The heart of the record, however, lies in Patrick Stickles collab “Foolish Father.” I’ll cop to a pretty huge bias here, considering my Titus Andronicus obsession, but the outcome of their work together finds Cuomo embracing Stickles’ brand of catharsis through hard truths and loud guitars (a style of music not too different from that of the man who once sang that he’d be better off masturbating than flirting with girls) and delivering a stunning and heartfelt tribute to the complexities of parenthood. This is 2014 Weezer satisfying on all possible grounds – addressing issues that are in any way relevant to Cuomo’s life, achieving a vulnerability rare within their recent catalog, and truly rocking like it’s 1994 all over again. It’s mature and catchy and exactly what all us Pinkerton fans were hoping to hear from the guys at this point in their career. And the segue to the three-part, mostly instrumental hard rock outro feels well deserved and cathartic.

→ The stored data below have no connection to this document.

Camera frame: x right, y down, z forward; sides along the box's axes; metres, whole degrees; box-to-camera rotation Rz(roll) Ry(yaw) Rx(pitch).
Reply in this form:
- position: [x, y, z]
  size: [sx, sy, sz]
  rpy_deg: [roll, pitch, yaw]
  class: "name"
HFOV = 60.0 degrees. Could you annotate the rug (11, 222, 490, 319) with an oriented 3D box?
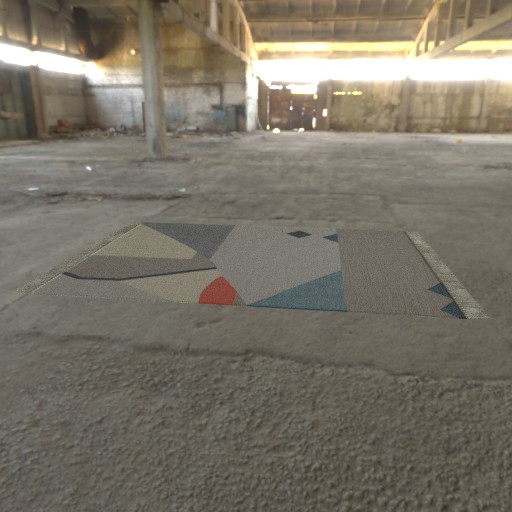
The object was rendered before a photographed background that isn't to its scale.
- position: [0.000, 0.000, 2.236]
  size: [1.828, 0.005, 1.220]
  rpy_deg: [2, 18, 7]
  class: "rug"
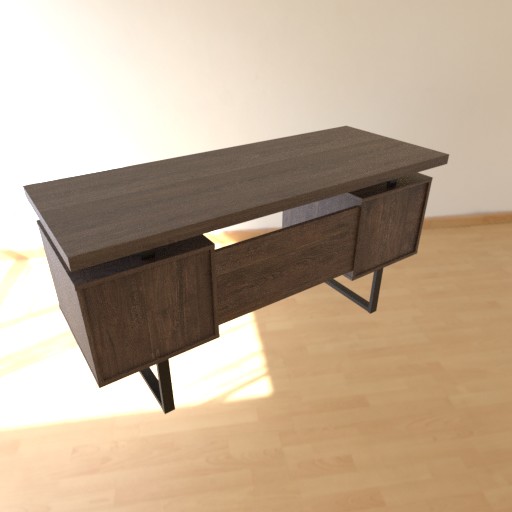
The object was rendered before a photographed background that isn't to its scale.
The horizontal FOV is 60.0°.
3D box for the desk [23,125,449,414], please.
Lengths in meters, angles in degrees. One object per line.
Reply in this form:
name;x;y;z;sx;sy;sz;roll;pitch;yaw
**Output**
desk;0.000;0.000;1.861;1.524;0.760;0.600;-19;35;-29
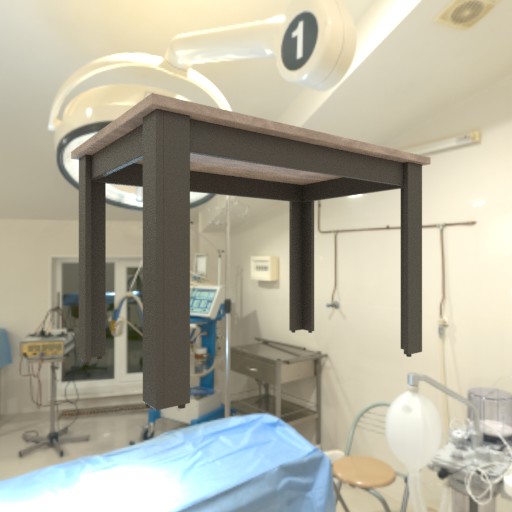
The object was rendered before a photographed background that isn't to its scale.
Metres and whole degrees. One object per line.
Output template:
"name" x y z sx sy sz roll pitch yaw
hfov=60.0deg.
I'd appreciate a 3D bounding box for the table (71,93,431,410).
"table" 0.000 0.000 1.603 1.100 0.734 0.700 0 0 -37
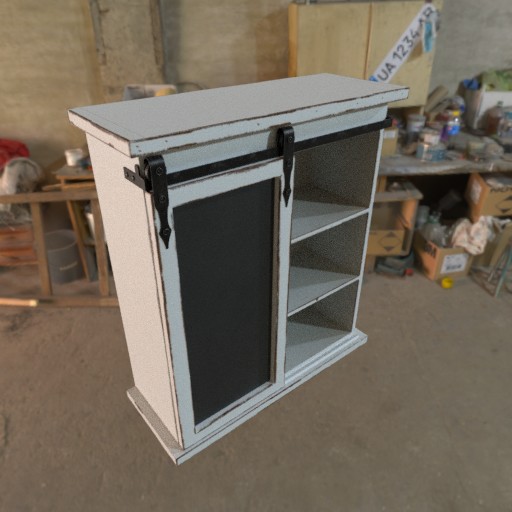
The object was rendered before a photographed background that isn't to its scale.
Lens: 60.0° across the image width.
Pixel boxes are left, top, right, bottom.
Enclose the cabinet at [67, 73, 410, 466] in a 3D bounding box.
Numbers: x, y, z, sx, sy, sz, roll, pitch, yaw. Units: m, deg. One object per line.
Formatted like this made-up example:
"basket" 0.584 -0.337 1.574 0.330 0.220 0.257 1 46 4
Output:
"cabinet" 0.000 0.000 0.876 0.541 0.603 0.210 -22 37 -32
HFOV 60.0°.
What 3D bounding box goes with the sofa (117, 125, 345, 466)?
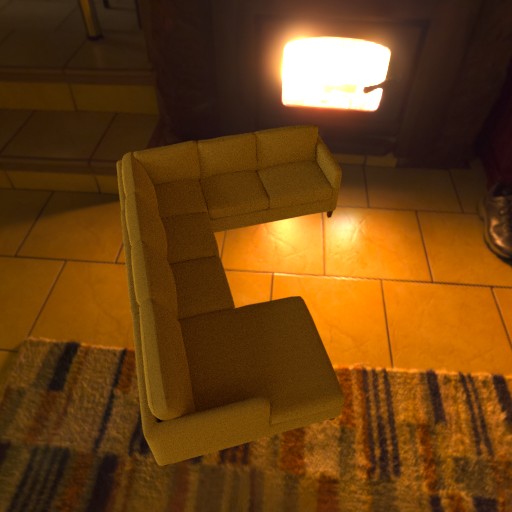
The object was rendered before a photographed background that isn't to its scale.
[{"bbox_3d":[0.000,0.000,4.637,2.594,0.961,3.460,-11,49,-10],"label":"sofa"}]
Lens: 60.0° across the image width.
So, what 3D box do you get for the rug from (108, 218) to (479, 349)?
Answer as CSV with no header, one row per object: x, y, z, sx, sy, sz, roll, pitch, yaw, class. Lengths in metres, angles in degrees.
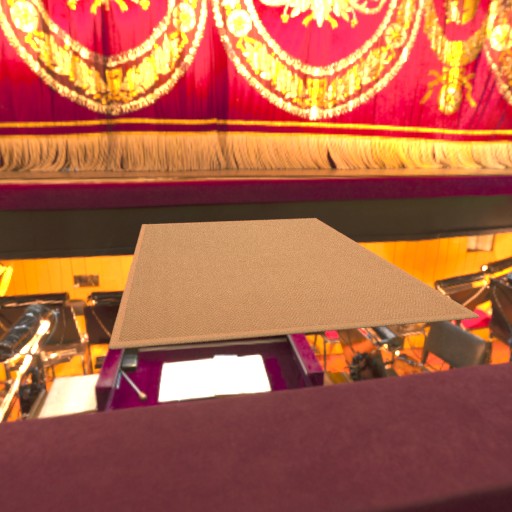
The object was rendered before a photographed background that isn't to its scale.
0.000,0.000,2.819,1.532,0.017,2.244,-3,16,-10,rug
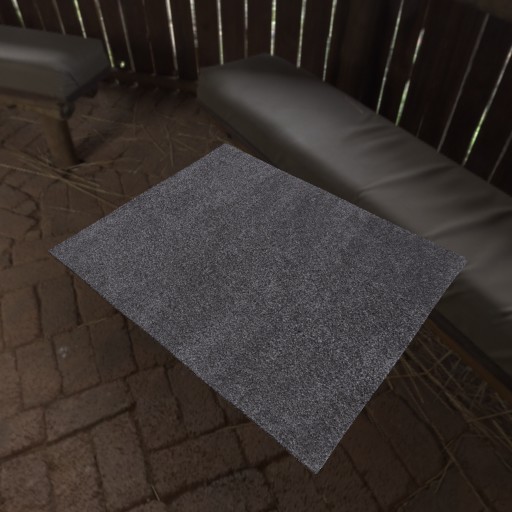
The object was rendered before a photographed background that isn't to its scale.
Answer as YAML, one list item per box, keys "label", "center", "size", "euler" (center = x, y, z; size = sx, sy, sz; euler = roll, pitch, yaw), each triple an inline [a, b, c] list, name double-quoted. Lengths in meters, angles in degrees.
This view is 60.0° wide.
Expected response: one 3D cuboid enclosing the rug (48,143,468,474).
- label: "rug"
  center: [0.000, 0.000, 4.046]
  size: [3.000, 0.025, 2.401]
  euler: [31, 54, 27]
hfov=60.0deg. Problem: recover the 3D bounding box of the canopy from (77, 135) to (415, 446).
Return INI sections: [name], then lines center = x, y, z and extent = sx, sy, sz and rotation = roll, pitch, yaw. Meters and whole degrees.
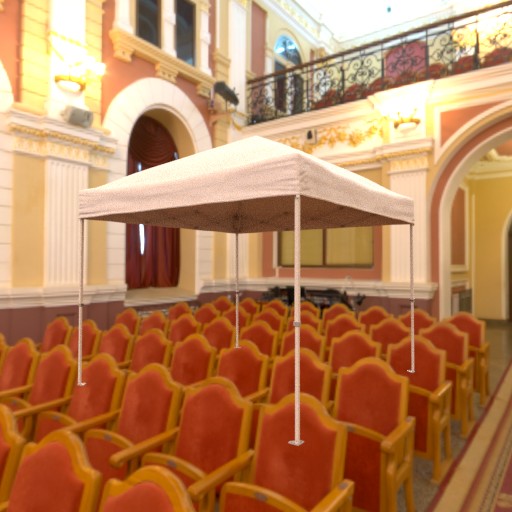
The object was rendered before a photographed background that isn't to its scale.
[canopy]
center = 0.000, 0.000, 5.486
extent = 2.998, 2.997, 2.996
rotation = -1, -2, 36
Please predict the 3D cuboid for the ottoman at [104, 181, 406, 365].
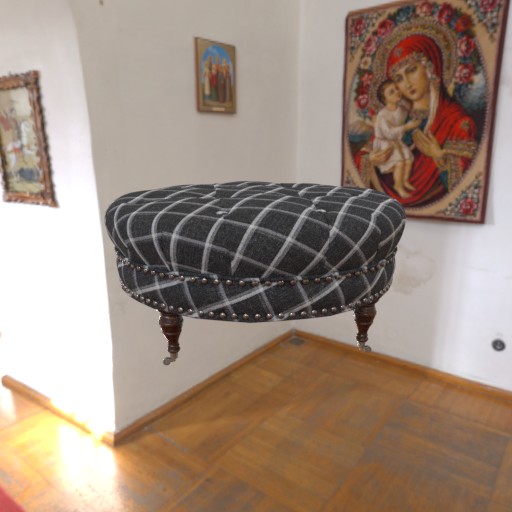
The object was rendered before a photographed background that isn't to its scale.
[{"bbox_3d":[0.000,0.000,1.424,0.901,0.439,0.901,0,15,0],"label":"ottoman"}]
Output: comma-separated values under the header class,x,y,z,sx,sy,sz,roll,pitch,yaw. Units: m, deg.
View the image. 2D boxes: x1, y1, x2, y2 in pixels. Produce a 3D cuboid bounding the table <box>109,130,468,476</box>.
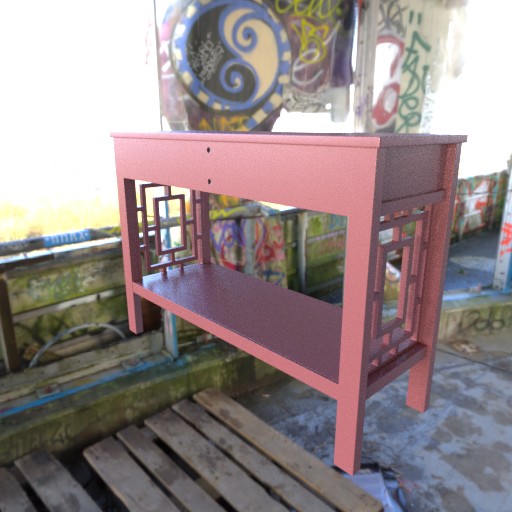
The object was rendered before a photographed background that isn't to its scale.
class,x,y,z,sx,sy,sz,roll,pitch,yaw
table,0.000,0.000,1.402,0.397,0.753,1.068,-15,22,-41
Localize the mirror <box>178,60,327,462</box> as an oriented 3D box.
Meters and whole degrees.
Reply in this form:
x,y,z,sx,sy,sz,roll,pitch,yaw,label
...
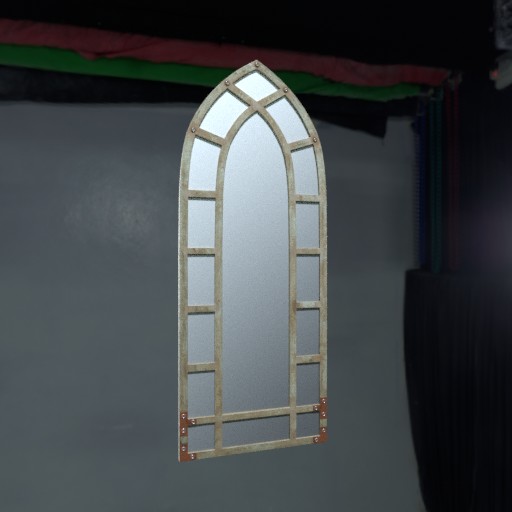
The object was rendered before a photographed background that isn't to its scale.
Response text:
x,y,z,sx,sy,sz,roll,pitch,yaw,label
0.000,0.000,1.339,0.464,1.175,0.025,0,0,-17,mirror
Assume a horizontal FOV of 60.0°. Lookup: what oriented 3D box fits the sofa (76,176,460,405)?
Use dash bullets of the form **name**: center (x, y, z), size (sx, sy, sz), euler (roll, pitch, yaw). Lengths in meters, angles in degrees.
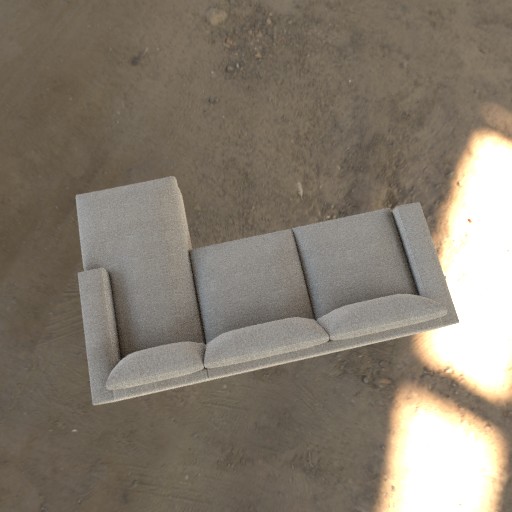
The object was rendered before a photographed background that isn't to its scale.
- **sofa**: center (0.000, 0.000, 3.493), size (2.718, 0.813, 1.689), euler (-12, 75, -3)
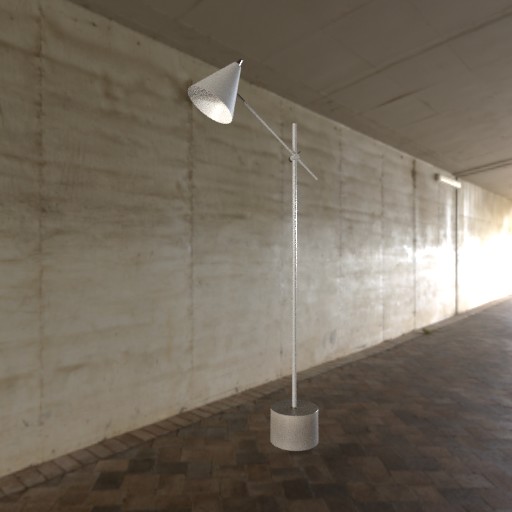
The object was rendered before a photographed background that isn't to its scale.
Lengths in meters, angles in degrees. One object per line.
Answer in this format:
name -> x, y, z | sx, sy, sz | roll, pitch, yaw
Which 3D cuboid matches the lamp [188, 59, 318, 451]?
lamp -> 0.000, 0.000, 1.647 | 0.508, 1.430, 0.223 | 0, 1, -17
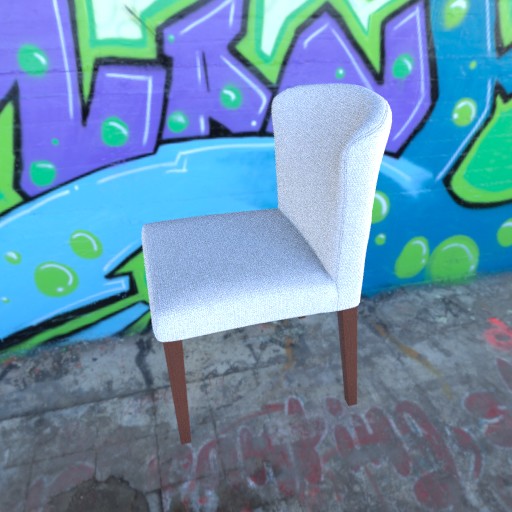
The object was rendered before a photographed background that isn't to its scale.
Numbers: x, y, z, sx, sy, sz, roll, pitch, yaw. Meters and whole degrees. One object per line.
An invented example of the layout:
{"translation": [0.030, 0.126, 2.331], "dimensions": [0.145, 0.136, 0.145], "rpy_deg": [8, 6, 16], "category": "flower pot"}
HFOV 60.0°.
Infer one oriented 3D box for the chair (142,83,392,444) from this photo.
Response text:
{"translation": [0.000, 0.000, 1.207], "dimensions": [0.589, 0.839, 0.491], "rpy_deg": [-8, 32, -13], "category": "chair"}
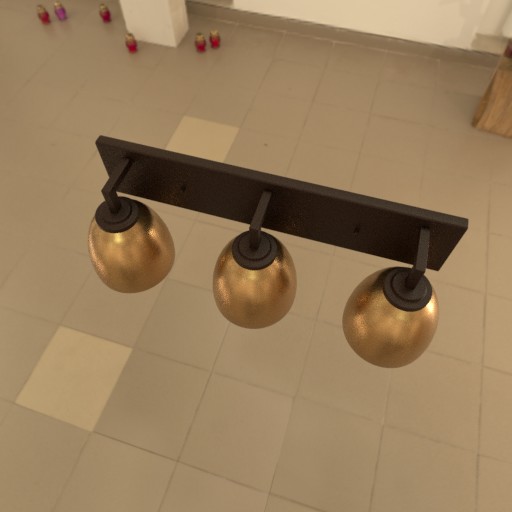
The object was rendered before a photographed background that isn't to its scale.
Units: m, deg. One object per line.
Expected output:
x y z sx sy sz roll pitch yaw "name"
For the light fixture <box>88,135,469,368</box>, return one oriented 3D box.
0.000 0.000 0.675 0.582 0.204 0.157 15 59 9 "light fixture"
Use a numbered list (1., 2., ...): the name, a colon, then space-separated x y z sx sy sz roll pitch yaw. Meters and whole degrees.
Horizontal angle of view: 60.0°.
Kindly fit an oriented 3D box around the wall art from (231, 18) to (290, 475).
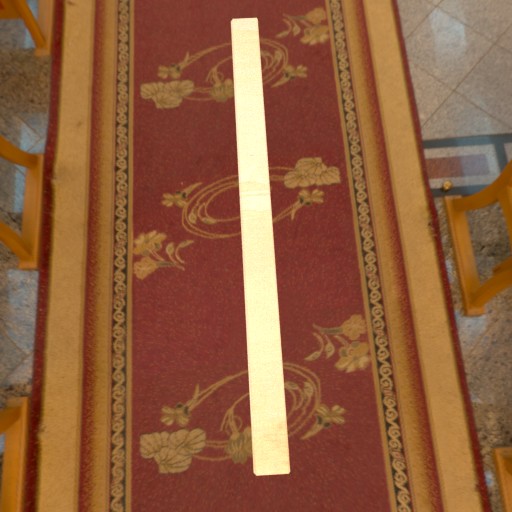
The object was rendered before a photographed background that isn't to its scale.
1. wall art: 0.000 0.000 0.759 0.040 0.402 0.613 -3 74 -1
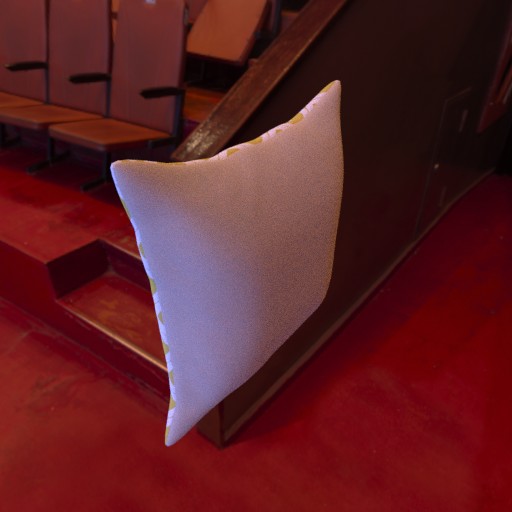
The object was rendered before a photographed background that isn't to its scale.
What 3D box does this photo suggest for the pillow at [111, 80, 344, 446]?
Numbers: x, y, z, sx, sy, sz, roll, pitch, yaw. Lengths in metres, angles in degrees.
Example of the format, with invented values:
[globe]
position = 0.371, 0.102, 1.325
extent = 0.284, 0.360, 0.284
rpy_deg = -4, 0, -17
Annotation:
[pillow]
position = 0.000, 0.000, 0.762
extent = 0.188, 0.494, 0.504
rpy_deg = 22, 39, 30

And even the low points aren’t too bad, especially by Raditude standards. There’s nothing as short-sighted and embarrassing as 2009 Lil Wayne collab “Can’t Stop Partying;” even the most perfunctory tracks on this album sound like Weezer having care-free fun, and will sound a hell of a lot better than “We Are All On Drugs” when you catch the band at your local mid-sized outdoor venue next summer (seriously, fuck that song). We’re happy, Rivers is happy. Everyone’s happy. Maybe everything really will be pretty good in the end.**

Grade: B+

* Good for you, asshole. You realized it wasn’t them. My friends and I got to meet the band this summer. Will’s uncle is the guy who says “yeah” on “Undone (the Sweater Song),” and he got us backstage. They were cool. Rivers was awkward, naturally. Brian Bell wasn’t particularly sure who picked their singles for them. They all also took the time, unprompted, to disparage “Back to the Shack” as the worst song on the album (which it unequivocally is).

**Because the title is such an obvious review pull-line, and I refuse to play that game. Fuck you, Cuomo.